Имам — массивная неподвижность, иммобильность. Он живет камнем. Его большие сучковатые руки серым гранитом тяжело покоятся на подлокотниках высокого кресла. Его голова, выглядящая слишком большой в сравнении с телом под нею, тяжеловесно громоздится на поразительно тонкой шее, с трудом различимой под черно-седыми пучками бороды. Глаза Имама омрачены; губы его неподвижны. Он — чистая сила, сущий элементаль; он движется в неподвижности, действует в недеянии, говорит, не произнося ни звука. Он — фокусник, а история — его трюк.

Нет, не история: нечто куда более странное.

Разгадку этого ребуса можно услышать сейчас на некоторых тайных радиоволнах, по которым голос обращенного американца Билаля поет священную песнь Имама. Билаль — муэдзин: его голос ныряет в свински короткие радиоволны Кенсингтона и появляется в спящем Деше, превратившись в грозовую речь самого Имама. Начиная с ритуального поношения Императрицы, со списков ее преступлений, убийств, взяток, сексуальных сношений с ящерицами и так далее, он приступает, в конечном итоге, к перезвону на все голоса всенощного воззвания Имама к людям восстать против зла ее Государства.

— Мы свершим революцию, — вещает через него Имам, — это — восстание не только против тирана, но и против истории.

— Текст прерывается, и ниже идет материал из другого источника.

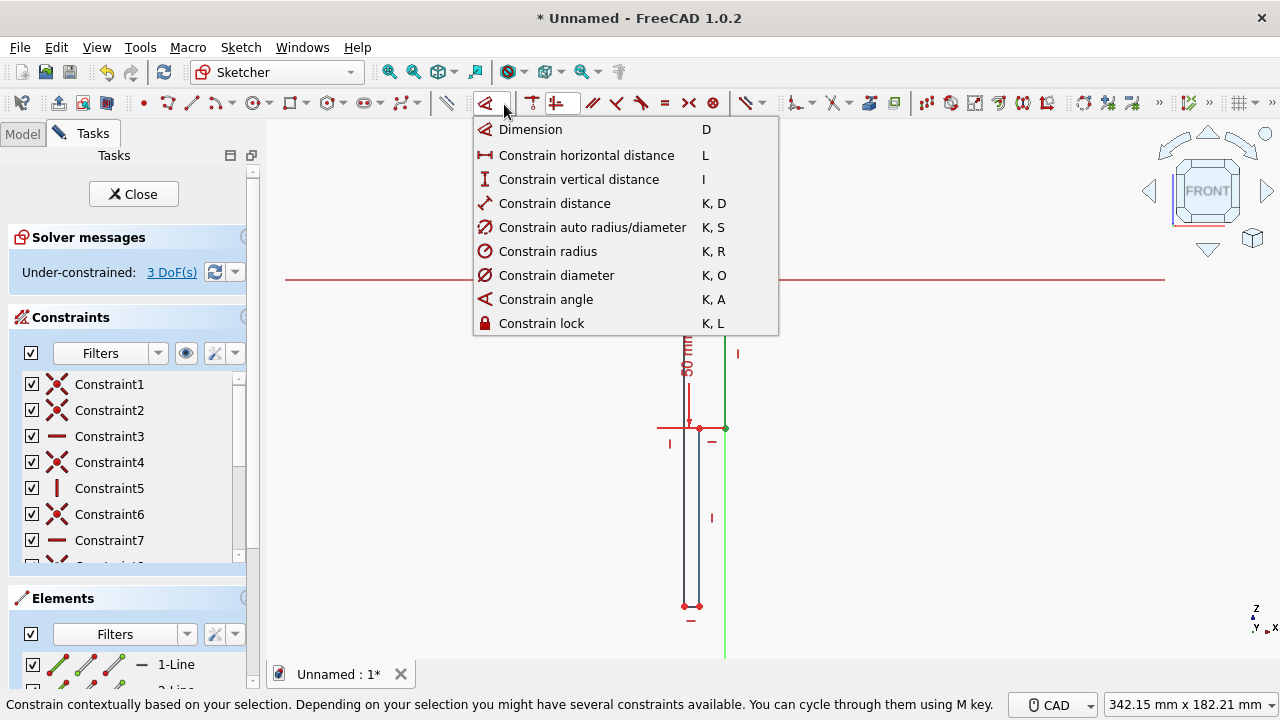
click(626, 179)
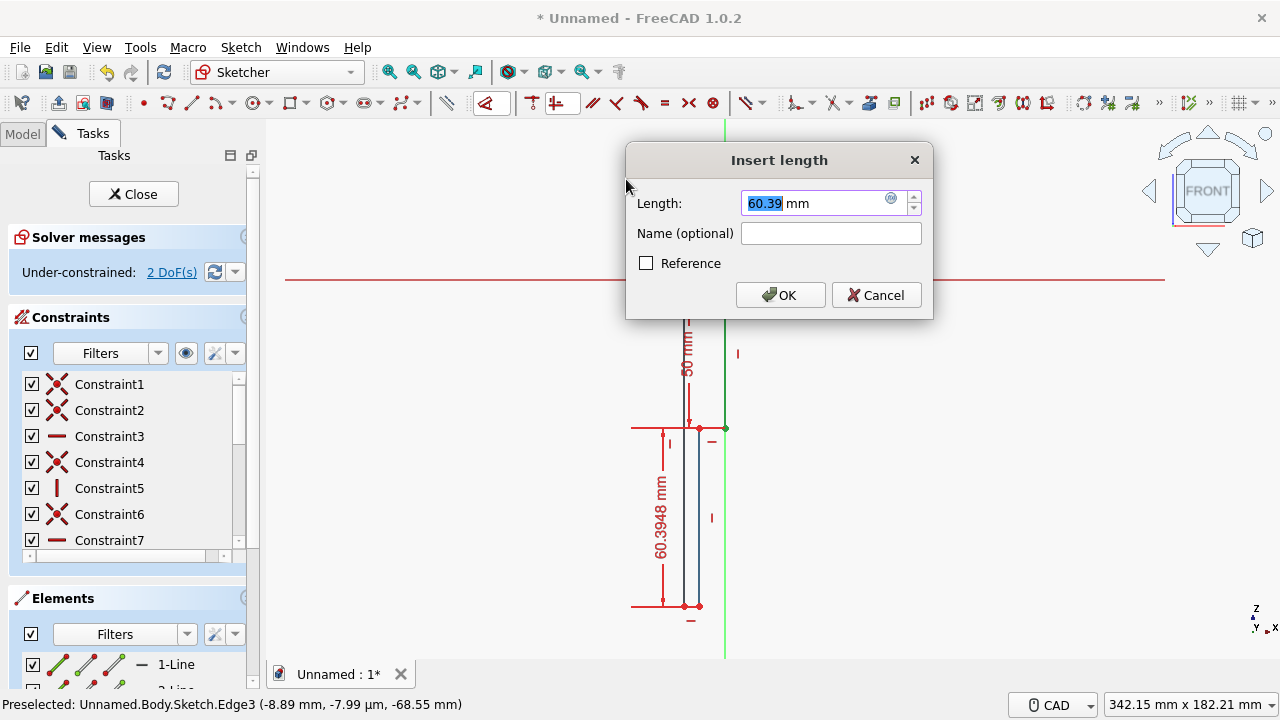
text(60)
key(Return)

У него есть противник помимо Аиши, и это — сама История. История — кровавое вино, которое более не должно пьянить. История — интоксикант, творение и обитель Дьявола, великого Шайтана, величайшая из лжей — прогресс, наука, право, — с которыми лицом к лицу сошелся Имам. История есть отклонение от Пути, знание есть заблуждение, ибо итог знанию был подведен в тот день, когда Ал-Лах завершил свое откровение Махаунду.

— Мы разрушим завесу истории, — декларирует Билаль сквозь обратившуюся в слух ночь, — и когда она сгинет, мы увидим вместо нее Рай, возвышающийся во всем своем сиянии и славе.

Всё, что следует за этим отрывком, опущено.